[[ DATA SUPPLIED, beginning ]]
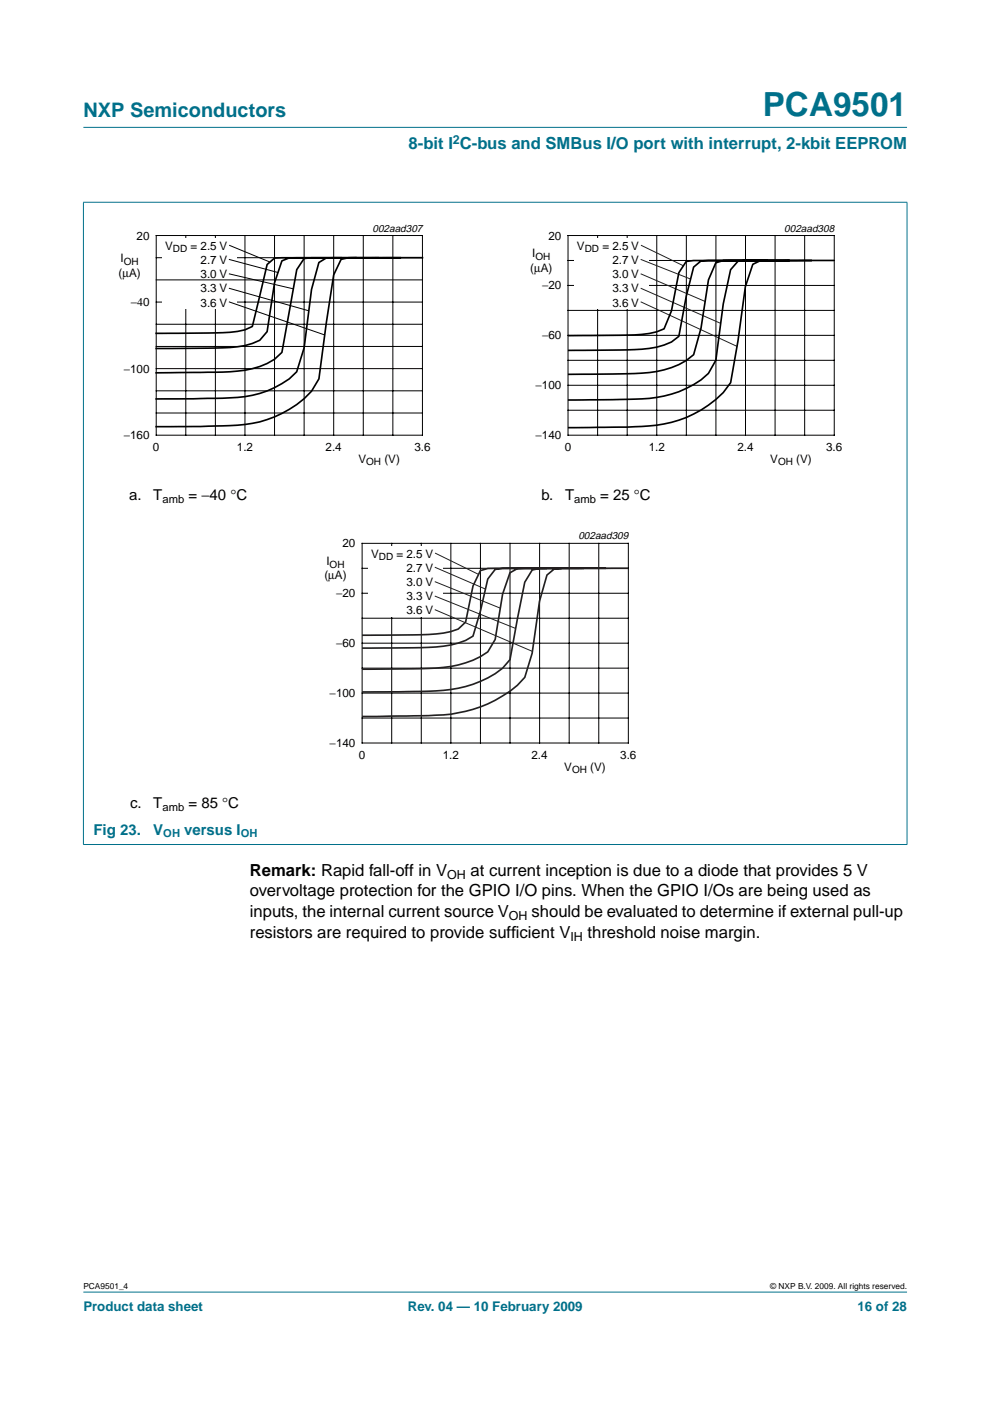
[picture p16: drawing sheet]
<svg xmlns="http://www.w3.org/2000/svg" width="210mm" height="297mm" viewBox="0 0 210 297" stroke-linecap="round" stroke-linejoin="round" font-family="sans-serif">
<defs><g id="words">
<text font-size="7.1" fill="#00708a" x="161.7" y="24.7">PCA9501</text>
<text font-size="4.2" fill="#00708a" x="17.7" y="24.9">NXP Semiconductors</text>
<text font-size="3.5" fill="#00708a" x="86.6" y="31.6">8-bit I C-bus and SMBus I/O port with interrupt, 2-kbit EEPROM</text>
<g font-size="3.5">
<text x="53" y="185.6">Remark: Rapid fall-off in V</text>
<text x="99.8" y="185.6">at current inception is due to a diode that provides 5 V</text>
<text x="53" y="190">overvoltage protection for the GPIO I/O pins. When the GPIO I/Os are being used as</text>
<text x="53" y="194.5">inputs, the internal current source V</text>
<text x="112.7" y="194.5">should be evaluated to determine if external pull-up</text>
<text x="53" y="198.9">resistors are required to provide suff</text>
<text x="108.4" y="198.9">icient V</text>
<text x="124.6" y="198.9">threshold noise margin.</text>
</g>
<g font-size="3.2">
<text x="27.4" y="106">a.</text>
<text x="32.5" y="106">T</text>
<text x="40" y="106">= −40 °C</text>
<text x="114.8" y="106">b.</text>
<text x="119.8" y="106">T</text>
<text x="127.3" y="106">= 25 °C</text>
<text x="27.6" y="171.3">c.</text>
<text x="32.5" y="171.3">T</text>
<text x="40" y="171.3">= 85 °C</text>
</g>
<g font-size="3.2" fill="#00708a">
<text x="19.8" y="176.9">Fig 23.</text>
<text x="32.5" y="176.9">V</text>
<text x="39.1" y="176.9">versus I</text>
</g>
<g font-size="2.8" fill="#00708a">
<text x="17.7" y="278">Product data sheet</text>
<text x="86.5" y="278">Rev. 04 — 10 February 2009</text>
<text x="181.8" y="278">16 of 28</text>
</g>
<text font-size="2.6" fill="#00708a" x="96" y="30.5">2</text>
<g font-size="2.6">
<text x="94.8" y="186.3">OH</text>
<text x="107.9" y="195.1">OH</text>
<text x="120.9" y="199.5">IH</text>
</g>
<g font-size="2.5">
<text x="29" y="50.8">20</text>
<text x="35" y="53">V</text>
<text x="40.4" y="53">= 2.5 V</text>
<text x="116.3" y="50.8">20</text>
<text x="122.3" y="53">V</text>
<text x="127.7" y="53">= 2.5 V</text>
<text x="25.1" y="58.6">(µA)</text>
<text x="25.5" y="55.6">I</text>
<text x="42.5" y="56">2.7 V</text>
<text x="42.5" y="59">3.0 V</text>
<text x="112.4" y="57.6">(µA)</text>
<text x="112.9" y="54.6">I</text>
<text x="129.8" y="56">2.7 V</text>
<text x="129.8" y="59">3.0 V</text>
<text x="27.7" y="64.9">−40</text>
<text x="42.5" y="62">3.3 V</text>
<text x="42.5" y="65">3.6 V</text>
<text x="114.9" y="61.4">−20</text>
<text x="129.8" y="62">3.3 V</text>
<text x="129.8" y="65">3.6 V</text>
<text x="114.9" y="71.9">−60</text>
<text x="26.2" y="79">−100</text>
<text x="113.5" y="82.5">−100</text>
<text x="26.2" y="93.1">−160</text>
<text x="32.4" y="95.7">0</text>
<text x="50.2" y="95.7">1.2</text>
<text x="69" y="95.7">2.4</text>
<text x="87.9" y="95.7">3.6</text>
<text x="113.5" y="93.1">−140</text>
<text x="119.7" y="95.7">0</text>
<text x="137.5" y="95.7">1.2</text>
<text x="156.3" y="95.7">2.4</text>
<text x="175.2" y="95.7">3.6</text>
<text x="76" y="98.2">V</text>
<text x="81.5" y="98.2">(V)</text>
<text x="163.3" y="98.2">V</text>
<text x="168.8" y="98.2">(V)</text>
<text x="69.2" y="119.8">I</text>
<text x="72.6" y="116">20</text>
<text x="78.7" y="118.3">V</text>
<text x="84.1" y="118.3">= 2.5 V</text>
<text x="68.8" y="122.8">(µA)</text>
<text x="86.2" y="121.3">2.7 V</text>
<text x="86.2" y="124.3">3.0 V</text>
<text x="71.3" y="126.6">−20</text>
<text x="86.2" y="127.3">3.3 V</text>
<text x="86.2" y="130.3">3.6 V</text>
<text x="71.3" y="137.2">−60</text>
<text x="69.9" y="147.8">−100</text>
<text x="69.9" y="158.4">−140</text>
<text x="76.1" y="160.9">0</text>
<text x="93.9" y="160.9">1.2</text>
<text x="112.7" y="160.9">2.4</text>
<text x="131.5" y="160.9">3.6</text>
<text x="119.7" y="163.5">V</text>
<text x="125.2" y="163.5">(V)</text>
</g>
<g font-size="2.4">
<text x="34.4" y="106.6">amb</text>
<text x="121.8" y="106.6">amb</text>
<text x="34.4" y="171.9">amb</text>
</g>
<g font-size="2.4" fill="#00708a">
<text x="34.6" y="177.5">OH</text>
<text x="51" y="177.5">OH</text>
</g>
<g font-size="2.2">
<text x="79" y="49.1">002aad307</text>
<text x="166.3" y="49.1">002aad308</text>
<text x="122.6" y="114.4">002aad309</text>
</g>
<g font-size="2.1">
<text x="36.7" y="53.5">DD</text>
<text x="124" y="53.5">DD</text>
<text x="26.2" y="56.1">OH</text>
<text x="113.5" y="55.1">OH</text>
<text x="77.6" y="98.7">OH</text>
<text x="165" y="98.7">OH</text>
<text x="80.3" y="118.8">DD</text>
<text x="69.9" y="120.3">OH</text>
<text x="121.3" y="164">OH</text>
</g>
<g font-size="1.8">
<text x="17.7" y="273.4">PCA9501_4</text>
<text x="163.3" y="273.4">© NXP B.V. 2009. All rights reserved.</text>
</g>
</g></defs>
<g fill="#00708a" stroke="#00708a" stroke-width=".21">
<path d="M17.7 273.9h174.6z"/>
<path d="M17.7 27h174.6z"/>
<path d="M17.7 42.9v136.1z"/>
<path d="M192.3 42.9v136.1z"/>
<path d="M17.6 42.9h174.8z"/>
<path d="M17.6 179.1h174.8z"/>
</g>
<path d="M20.4 47.1h81.9v52.2h-81.9z" fill="none" stroke="#fff" stroke-width=".21"/>
<g fill="none" stroke="#000" stroke-width=".21">
<path d="M33.1 49.9h56.5v42.4h-56.5zM33.1 54.6h56.5M39.4 49.9v42.4M45.7 49.9v42.4M51.9 49.9v42.4M58.2 49.9v42.4M64.5 49.9v42.4M70.8 49.9v42.4M77 49.9v42.4M83.3 49.9v42.4M33.1 78.2h56.5M33.1 73.5h56.5"/>
<path d="M33.1 68.8h56.5M33.1 64h56.5M33.1 87.6h56.5M33.1 82.9h56.5"/>
</g>
<path d="M34.4 50.4h15.8v15.1h-15.8z" fill="#fff"/>
<g fill="none" stroke="#000" stroke-width=".21">
<path d="M33.1 59.3h56.5M48.5 55l10.5 2.8M48.5 58.1l13.6 3.1M48.6 52l8.7 3.6M120.4 49.9h56.5v42.4h-56.5zM120.4 55.2h56.5M126.7 49.9v42.4M133 49.9v42.4M139.2 49.9v42.4M145.5 49.9v42.4M151.8 49.9v42.4M158.1 49.9v42.4"/>
<path d="M164.3 49.9v42.4M170.6 49.9v42.4M48.5 61.1l17 4.8M48.5 64l20.3 7M120.4 76.4h56.5M120.4 71.1h56.5M120.4 65.8h56.5M120.4 60.5h56.5M120.4 87h56.5M120.4 81.7h56.5"/>
</g>
<path d="M72.3 54.6l-14.1 .1-1.6 1.4-3.1 13.1a15.6 15.6 0 0 1-7.8 1.4l-12.6 .1M75.5 54.6l-14.2 .1-1.5 .6-1.6 4.7-1.6 10.3-1.5 1.8a21.2 21.2 0 0 1-9.4 1.7l-12.6 .1M80.2 54.6h-14.2l-1.5 .2-1.6 2.4-3.1 17.5a12.7 12.7 0 0 1-7.9 3.8 122 122 0 0 1-14.1 .5h-4.7M84.9 54.6l-15.7 .1-1.6 1-1.5 5.7-1.6 12.3-1.6 5.1a19 19 0 0 1-11 5.3l-4.7 .3-14.1 .2M89.6 54.6h-15.7l-1.6 .4-1.6 3.3-1.5 10.2-1.6 11.8a15.9 15.9 0 0 1-7.8 7.4 27.1 27.1 0 0 1-12.6 2.6l-14.1 .2" fill="none" stroke="#000" stroke-width=".35"/>
<path d="M107.7 47.1h81.9v52.2h-81.9z" fill="none" stroke="#fff" stroke-width=".21"/>
<path d="M121.7 50.4h15.8v15.1h-15.8z" fill="#fff"/>
<path d="M135.8 55l10.6 4.2M135.8 58.1l13.7 5.8M135.9 52l9 4.3M135.8 61.1l17 7.5M135.8 64l20.5 9.5" fill="none" stroke="#231f20" stroke-width=".21"/>
<path d="M161.2 55.2l-4.7 .2-1.6 1.8-1.6 7.3-1.5 11.9-1.6 2.8a21.2 21.2 0 0 1-14.1 5.4l-15.7 .2M162.7 55.2h-15.6l-1.6 .2-1.6 2.4-1.5 8.1-1.6 3.8a17.5 17.5 0 0 1-7.8 1.4l-12.6 .1M167.4 55.2l-14.1 .1-1.5 .4-1.6 3.6-1.6 10.3-1.5 5.6a17.4 17.4 0 0 1-11 3.9l-15.7 .3M172.2 55.2l-23.6 .1-1.5 1.3-1.6 6.2-1.6 8.5a12.2 12.2 0 0 1-7.8 2.7l-15.7 .3M176.9 55.2l-15.7 .1-1.6 .7-1.6 4.8-1.5 11.5-1.6 8.8a19.3 19.3 0 0 1-7.8 6.7 28.1 28.1 0 0 1-12.6 2.7l-14.1 .2" fill="none" stroke="#000" stroke-width=".35"/>
<path d="M64.1 112.4h81.8v52.2h-81.8z" fill="none" stroke="#fff" stroke-width=".21"/>
<g fill="none" stroke="#000" stroke-width=".21">
<path d="M76.8 115.2h56.4v42.3h-56.4zM83 115.2v42.3M89.3 115.2v42.3M95.6 115.2v42.3M101.9 115.2v42.3M108.1 115.2v42.3M114.4 115.2v42.3M120.7 115.2v42.3M127 115.2v42.3M76.8 136.4h56.4M76.8 131.1h56.4M76.8 125.8h56.4"/>
<path d="M76.8 120.5h56.4M76.8 152.2h56.4M76.8 146.9h56.4M76.8 141.7h56.4"/>
</g>
<path d="M78.1 115.7h15.7v15h-15.7z" fill="#fff"/>
<path d="M116 120.5h-12.6l-1.5 .5-1.6 3.2-1.6 7.7-1.5 1.5a30.3 30.3 0 0 1-11 1.2l-9.4 .1M119.1 120.5h-12.5l-1.6 .2-1.6 2.1-1.5 6.8-1.6 5.3a18 18 0 0 1-9.4 2.4l-14.1 .1M123.8 120.5l-14.1 .1-1.6 .8-1.5 4.6-1.6 9.6-1.6 2.6a22 22 0 0 1-12.5 3.5l-14.1 .2M123.8 120.5h-9.4l-1.6 .4-1.5 2.5-3.2 16.5a15.2 15.2 0 0 1-7.8 5.2 38.5 38.5 0 0 1-12.6 1.5l-10.9 .1M123.8 120.5h4.7M133.2 120.5l-15.7 .1-1.5 1.3-1.6 5.5-1.6 11.1-1.5 5.1a24.4 24.4 0 0 1-14.1 7.5l-1.6 .3-4.7 .3-14.1 .2" fill="none" stroke="#231f20" stroke-width=".35"/>
<path d="M92.2 117.3l9.3 4.5M92.2 120.3l10.7 4.6M92.2 123.3l13.9 5.7M92.2 126.4l17.2 6.9M92.2 129.3l20.7 8.8" fill="none" stroke="#231f20" stroke-width=".21"/>
<use href="#words"/>
</svg>
[[ DATA SUPPLIED, end ]]
WHAT YOU HAVE TO DO ->
The answer must be every line of the data that holds the word "sheet".

EXERCISE OUTPUT ->
[picture p16: drawing sheet]
<text x="17.7" y="278">Product data sheet</text>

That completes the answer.